AVOIDING BABYISH DICTION
The expression Baby Words exemplifies its very nature. I should say immature diction.
Nonetheless, essayists must demonstrate a sophisticated command of the English lexicon (language), especially in formal writing. Colloquial (conversational) language and perhaps sometimes even slang are acceptable in informal writing. Learning to write in a formal style also improves informal writing because essayists become more aware of word choice.
I will provide some examples of immature diction. My list is not exhaustive.
Also, please understand that you do not have to chew up a thesaurus to try to stump the teacher when writing an essay. More elevated diction does not mean incomprehensible to a reasonably educated person. Going to that extreme makes you sound pompous. Plus, all synonyms are not equal. Some have nuances of meaning that might make your sentence sound strange or damage the meaning you intend to express. I actually enjoy exposure to new words and will look up ones with which I am unfamiliar; however, if I am driven to the dictionary constantly, a student has misunderstood my expectations. Remember that my examples of improved diction and syntax that we go over when practicing editing do not always involve words you do not know.
AVOID "TO BE" VERBS:
am, are, is, was, were
"TO BE" -- Present Tense
1st person: I am We are
2nd person You are
3rd person He/she/it is They are
Singular Plural
Therefore, avoid am, are, and is.
"TO BE" -- Past Tense
1st person: I was We were
2nd person You were
3rd person He/she/it was They were
Singular Plural
Therefore, avoid was and were.
Click here for suggestions on editing out "to-be" verbs.
Here is a simple fix to a common use of "is" or "was":
Stella thinks David is kind.
Stella considers David kind.
Bobby thinks his teacher is nice.
Bobby considers his teacher nice.
Sheila thought her brother was rude.
Sheila considered her brother rude.
AVOID INFORMAL PRONOUNS:
First- and second-person pronouns are informal. See the conjugation chart above.
I, me, my, myself, mine, we, us, our, ours, ourselves, you, your, yours, yourself
AVOID CONTRACTIONS:
"Don't use them!" should be "Do not use them!"
AVOID SECOND-GRADE WORDS:
A lot (especially misspelled as alot), very, and really are the worst offenders.
But also stop using these words: pretty (as in "pretty smart"), many, much, more, big, small, get, got, had, has, nice, thing (something, anything, everything), etc.
AVOID "DUE TO":
Use either "because of" or simply "because" instead, depending upon the sentence.
AVOID STARTING A SENTENCE WITH DEMONSTRATIVES:
For the most part, do not begin a sentence with this, that, these, those.
Notice the vagueness in each sample:
This is true. She did not need extra help. <-- What is true?
Instead, try this: Truly, she did not need extra help.
This shows that Sheila is very capable. <-- What shows her capability?
Instead, try this: Sheila's project demonstrates her strong capability.
Or try this: The outcome demonstrates Sheila's strong capability.
AVOID THE WORD "IT":
The vagueness of this pronoun usually indicates a need for reconstructing the sentence or perhaps even combining sentences.

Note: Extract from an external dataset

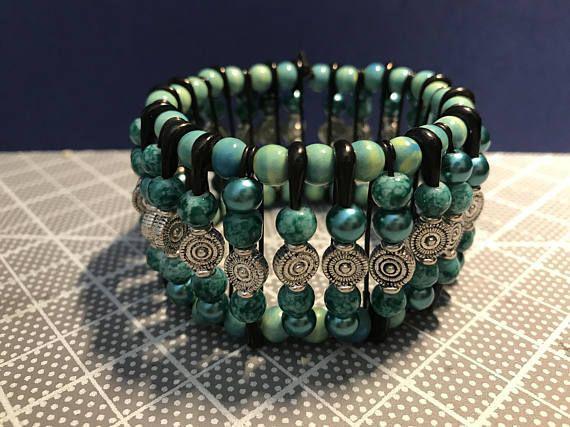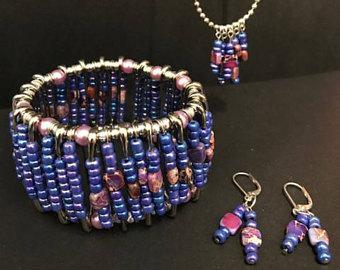The first image is the image on the left, the second image is the image on the right. Assess this claim about the two images: "A bracelet is lying on a surface in each of the images.". Correct or not? Answer yes or no. Yes. The first image is the image on the left, the second image is the image on the right. Evaluate the accuracy of this statement regarding the images: "One image shows a safety pin necklace on a black display, and the other image shows a bracelet made with silver safety pins.". Is it true? Answer yes or no. No. 
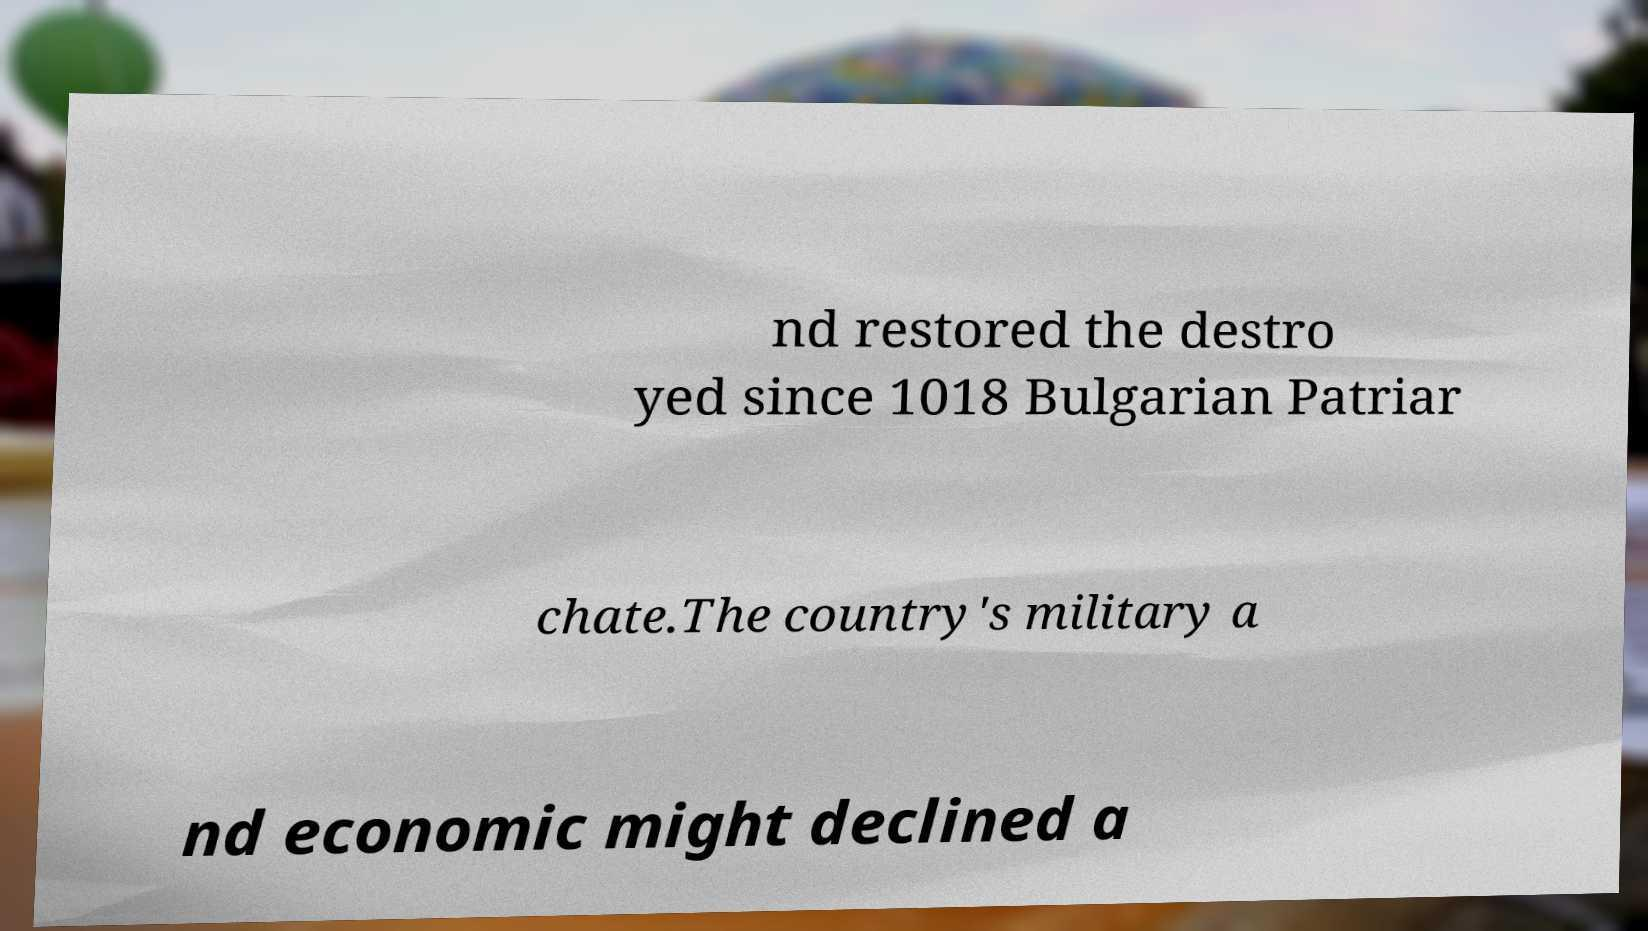There's text embedded in this image that I need extracted. Can you transcribe it verbatim? nd restored the destro yed since 1018 Bulgarian Patriar chate.The country's military a nd economic might declined a

Scout had great family loyalty. But it did not always serve her well because of her equally intense temper.
Since the word "it" represents "loyalty," this is redundant.
Instead, try something like this:
Scout's great family loyalty did not always serve her well because of her equally intense temper.
She refused to do her homework. She thought it was a waste of time.
Since the word "it" represents "homework," this is redundant.
Instead, try something like this:
She refused to waste time on the boring homework.
When you begin a sentence with "it," consider this easy improvement:
It is certain that she will not agree to come.
Certainly, she will not agree to come.
It is apparent that David hates mushrooms.
Apparently, David hates mushrooms.
It is true that failing to follow directions damages grades and impedes learning.
Truly, failing to follow directions damages grades and impedes learning.
Notice how editing tends to make sentences shorter. Good editing removes superfluous language.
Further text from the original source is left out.